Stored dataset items
-*-*-

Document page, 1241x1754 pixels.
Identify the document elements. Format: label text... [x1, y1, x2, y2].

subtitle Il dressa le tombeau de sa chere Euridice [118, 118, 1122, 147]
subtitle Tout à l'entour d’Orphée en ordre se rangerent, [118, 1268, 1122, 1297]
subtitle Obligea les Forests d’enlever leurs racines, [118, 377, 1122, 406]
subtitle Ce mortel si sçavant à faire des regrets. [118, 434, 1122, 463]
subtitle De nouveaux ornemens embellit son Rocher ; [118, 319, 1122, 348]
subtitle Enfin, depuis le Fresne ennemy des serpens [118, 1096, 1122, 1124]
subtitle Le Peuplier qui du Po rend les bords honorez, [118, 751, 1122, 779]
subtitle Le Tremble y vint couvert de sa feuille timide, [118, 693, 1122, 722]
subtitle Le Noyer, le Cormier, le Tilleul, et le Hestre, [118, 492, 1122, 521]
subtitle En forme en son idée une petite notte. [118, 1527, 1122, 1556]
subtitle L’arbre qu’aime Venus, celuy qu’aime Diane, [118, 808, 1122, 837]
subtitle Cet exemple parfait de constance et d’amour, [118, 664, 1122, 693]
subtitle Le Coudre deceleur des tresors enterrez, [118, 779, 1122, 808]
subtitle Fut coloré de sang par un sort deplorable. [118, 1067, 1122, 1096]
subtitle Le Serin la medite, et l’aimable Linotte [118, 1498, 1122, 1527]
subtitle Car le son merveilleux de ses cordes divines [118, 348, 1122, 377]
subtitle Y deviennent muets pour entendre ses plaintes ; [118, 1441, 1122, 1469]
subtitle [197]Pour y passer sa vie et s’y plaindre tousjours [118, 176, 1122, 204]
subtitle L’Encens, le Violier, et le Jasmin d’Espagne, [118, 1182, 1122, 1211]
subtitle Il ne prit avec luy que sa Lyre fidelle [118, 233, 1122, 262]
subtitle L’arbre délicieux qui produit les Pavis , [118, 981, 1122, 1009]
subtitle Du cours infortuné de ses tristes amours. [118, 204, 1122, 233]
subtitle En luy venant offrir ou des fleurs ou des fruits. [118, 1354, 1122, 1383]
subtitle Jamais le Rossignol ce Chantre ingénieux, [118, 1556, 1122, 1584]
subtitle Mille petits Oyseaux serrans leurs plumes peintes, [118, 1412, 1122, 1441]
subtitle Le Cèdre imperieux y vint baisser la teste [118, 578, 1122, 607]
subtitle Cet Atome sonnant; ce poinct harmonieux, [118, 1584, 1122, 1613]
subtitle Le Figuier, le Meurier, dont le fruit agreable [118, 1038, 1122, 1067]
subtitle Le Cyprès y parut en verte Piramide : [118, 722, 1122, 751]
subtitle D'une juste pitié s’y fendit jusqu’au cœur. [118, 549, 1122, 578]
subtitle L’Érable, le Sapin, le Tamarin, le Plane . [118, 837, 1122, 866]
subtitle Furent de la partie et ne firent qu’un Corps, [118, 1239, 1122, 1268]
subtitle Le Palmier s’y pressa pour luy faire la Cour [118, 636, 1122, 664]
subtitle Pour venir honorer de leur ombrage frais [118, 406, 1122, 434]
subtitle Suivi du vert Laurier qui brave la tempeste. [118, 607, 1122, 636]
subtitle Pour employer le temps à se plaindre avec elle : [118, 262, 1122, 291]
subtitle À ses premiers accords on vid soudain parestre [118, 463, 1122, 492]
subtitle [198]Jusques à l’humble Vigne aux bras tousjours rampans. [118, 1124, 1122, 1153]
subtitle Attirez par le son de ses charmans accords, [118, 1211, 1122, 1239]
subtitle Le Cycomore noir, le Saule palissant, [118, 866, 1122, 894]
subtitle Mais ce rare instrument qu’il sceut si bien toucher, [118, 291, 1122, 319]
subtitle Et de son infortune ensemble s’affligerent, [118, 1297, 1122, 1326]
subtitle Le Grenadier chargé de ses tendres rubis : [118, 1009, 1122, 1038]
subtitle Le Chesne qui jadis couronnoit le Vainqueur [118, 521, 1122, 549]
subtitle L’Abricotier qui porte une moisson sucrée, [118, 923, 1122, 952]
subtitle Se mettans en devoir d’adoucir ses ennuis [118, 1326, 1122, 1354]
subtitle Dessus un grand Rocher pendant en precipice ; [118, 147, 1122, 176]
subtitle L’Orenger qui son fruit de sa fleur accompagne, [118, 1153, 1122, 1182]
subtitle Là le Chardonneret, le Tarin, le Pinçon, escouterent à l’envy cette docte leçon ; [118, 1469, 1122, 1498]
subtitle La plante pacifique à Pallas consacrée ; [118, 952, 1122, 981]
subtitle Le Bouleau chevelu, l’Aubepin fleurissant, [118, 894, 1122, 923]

-*-*-

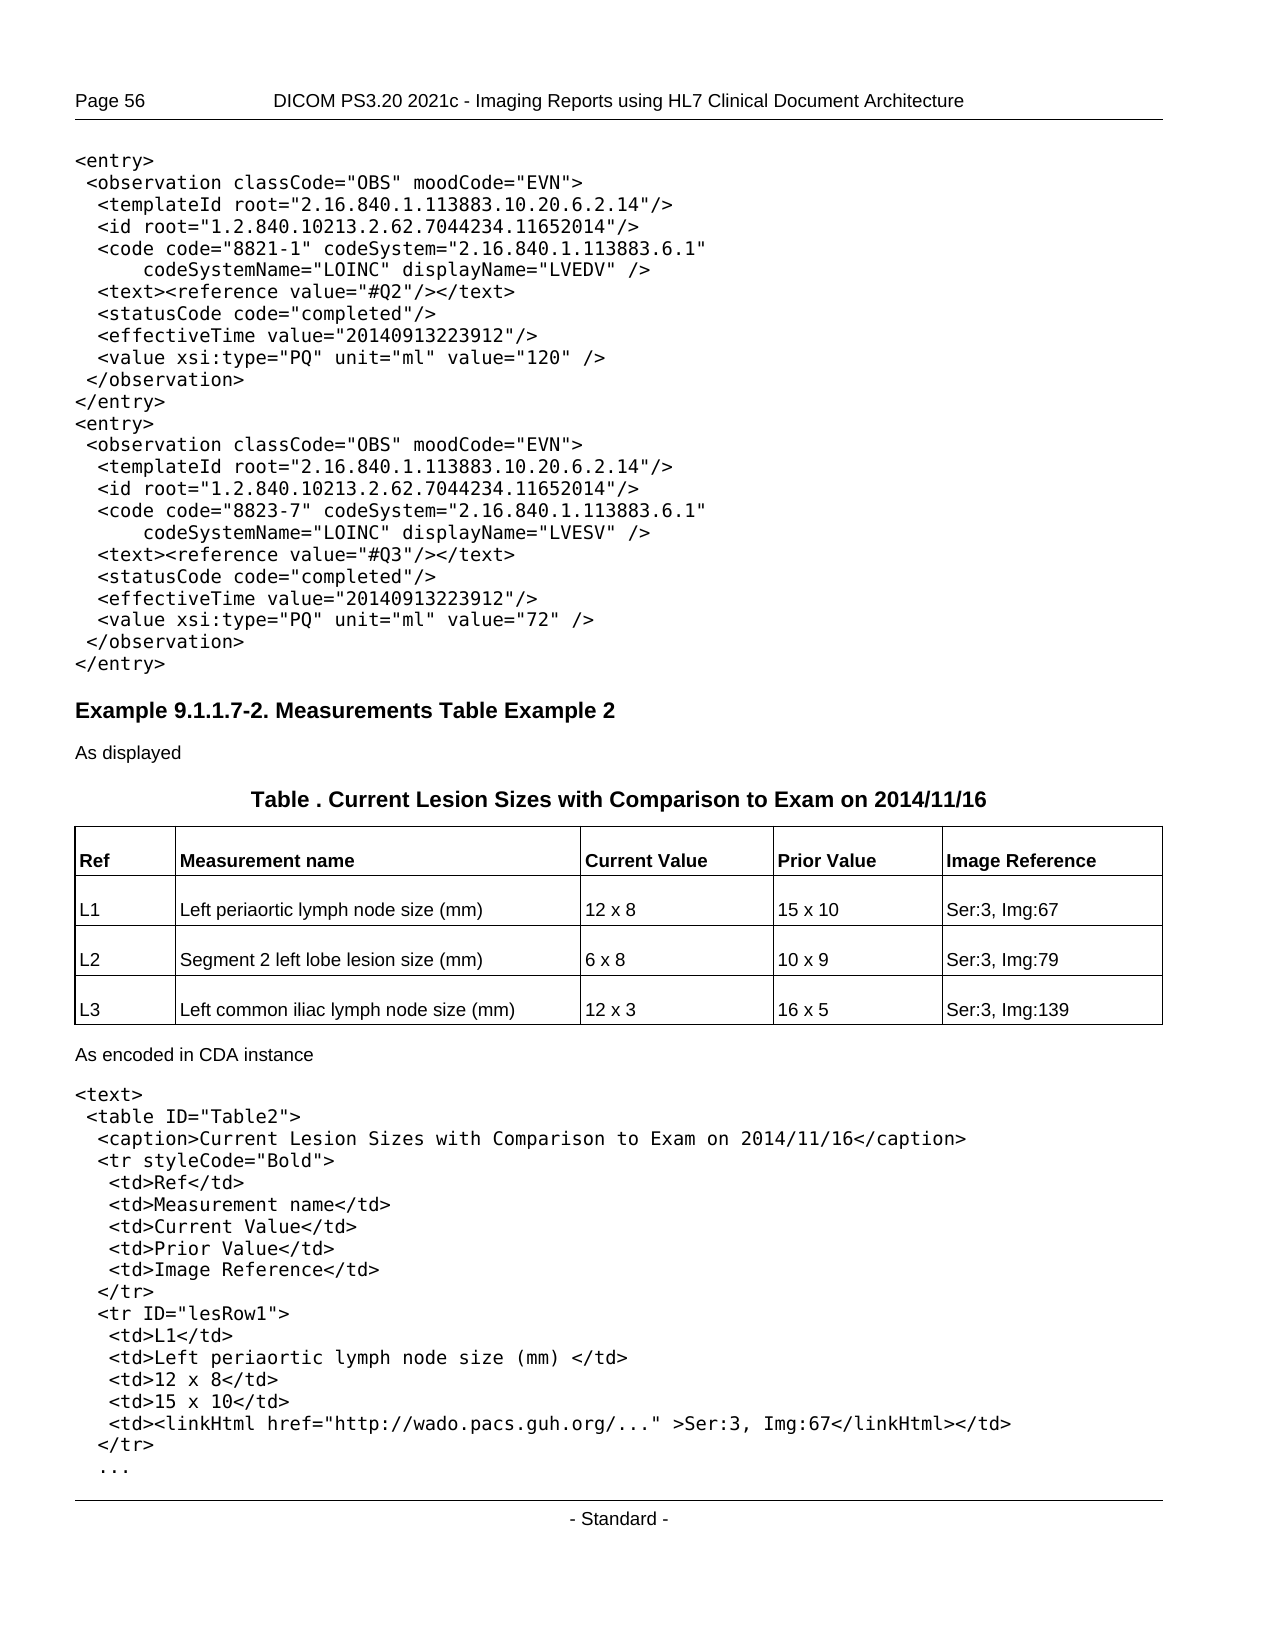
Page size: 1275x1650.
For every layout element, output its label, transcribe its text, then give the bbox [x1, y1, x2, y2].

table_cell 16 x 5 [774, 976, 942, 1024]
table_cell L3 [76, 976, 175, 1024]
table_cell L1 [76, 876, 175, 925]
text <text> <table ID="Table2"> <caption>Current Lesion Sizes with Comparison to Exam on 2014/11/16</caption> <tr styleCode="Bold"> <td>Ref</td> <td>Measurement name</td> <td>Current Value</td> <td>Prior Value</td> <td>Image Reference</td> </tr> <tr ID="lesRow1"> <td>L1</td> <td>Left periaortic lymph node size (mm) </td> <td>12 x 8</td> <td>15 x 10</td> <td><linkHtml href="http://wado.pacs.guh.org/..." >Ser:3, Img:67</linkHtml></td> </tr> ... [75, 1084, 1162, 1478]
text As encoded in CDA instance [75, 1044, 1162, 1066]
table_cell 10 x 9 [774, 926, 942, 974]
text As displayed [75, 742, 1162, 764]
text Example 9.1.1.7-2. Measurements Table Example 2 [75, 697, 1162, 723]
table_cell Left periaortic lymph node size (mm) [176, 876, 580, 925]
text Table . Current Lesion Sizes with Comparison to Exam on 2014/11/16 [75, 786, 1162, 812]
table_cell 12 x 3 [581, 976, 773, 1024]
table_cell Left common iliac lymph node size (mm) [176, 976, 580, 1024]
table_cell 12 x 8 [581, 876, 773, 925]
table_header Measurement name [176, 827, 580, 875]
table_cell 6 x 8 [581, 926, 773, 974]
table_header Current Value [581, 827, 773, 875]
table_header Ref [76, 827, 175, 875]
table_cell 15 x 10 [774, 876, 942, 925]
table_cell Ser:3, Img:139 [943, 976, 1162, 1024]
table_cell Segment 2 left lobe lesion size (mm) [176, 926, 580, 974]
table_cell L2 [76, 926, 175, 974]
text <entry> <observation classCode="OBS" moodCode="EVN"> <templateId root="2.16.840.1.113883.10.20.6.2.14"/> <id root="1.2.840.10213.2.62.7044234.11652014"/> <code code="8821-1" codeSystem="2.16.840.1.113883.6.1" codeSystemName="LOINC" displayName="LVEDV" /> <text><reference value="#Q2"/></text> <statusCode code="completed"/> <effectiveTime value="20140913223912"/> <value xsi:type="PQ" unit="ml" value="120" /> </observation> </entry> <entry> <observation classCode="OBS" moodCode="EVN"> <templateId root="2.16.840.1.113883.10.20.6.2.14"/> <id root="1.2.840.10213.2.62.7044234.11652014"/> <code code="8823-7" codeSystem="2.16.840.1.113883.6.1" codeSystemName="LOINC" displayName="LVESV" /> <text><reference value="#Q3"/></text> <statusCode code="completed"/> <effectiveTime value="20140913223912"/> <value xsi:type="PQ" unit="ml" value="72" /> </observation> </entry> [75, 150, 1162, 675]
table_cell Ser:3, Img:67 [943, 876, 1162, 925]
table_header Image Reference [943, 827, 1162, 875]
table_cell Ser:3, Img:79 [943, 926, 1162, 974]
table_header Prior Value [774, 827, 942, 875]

-*-*-

#### WHAT NEEDS TO BE DONE
Every line above from the line with "subtitle [198]Jusques à" to the line with "subtitle Le Bouleau", both included, must be reproduced exactly, and no other line may appear.

#### RESPONSE
subtitle [198]Jusques à l’humble Vigne aux bras tousjours rampans. [118, 1124, 1122, 1153]
subtitle Attirez par le son de ses charmans accords, [118, 1211, 1122, 1239]
subtitle Le Cycomore noir, le Saule palissant, [118, 866, 1122, 894]
subtitle Mais ce rare instrument qu’il sceut si bien toucher, [118, 291, 1122, 319]
subtitle Et de son infortune ensemble s’affligerent, [118, 1297, 1122, 1326]
subtitle Le Grenadier chargé de ses tendres rubis : [118, 1009, 1122, 1038]
subtitle Le Chesne qui jadis couronnoit le Vainqueur [118, 521, 1122, 549]
subtitle L’Abricotier qui porte une moisson sucrée, [118, 923, 1122, 952]
subtitle Se mettans en devoir d’adoucir ses ennuis [118, 1326, 1122, 1354]
subtitle Dessus un grand Rocher pendant en precipice ; [118, 147, 1122, 176]
subtitle L’Orenger qui son fruit de sa fleur accompagne, [118, 1153, 1122, 1182]
subtitle Là le Chardonneret, le Tarin, le Pinçon, escouterent à l’envy cette docte leçon ; [118, 1469, 1122, 1498]
subtitle La plante pacifique à Pallas consacrée ; [118, 952, 1122, 981]
subtitle Le Bouleau chevelu, l’Aubepin fleurissant, [118, 894, 1122, 923]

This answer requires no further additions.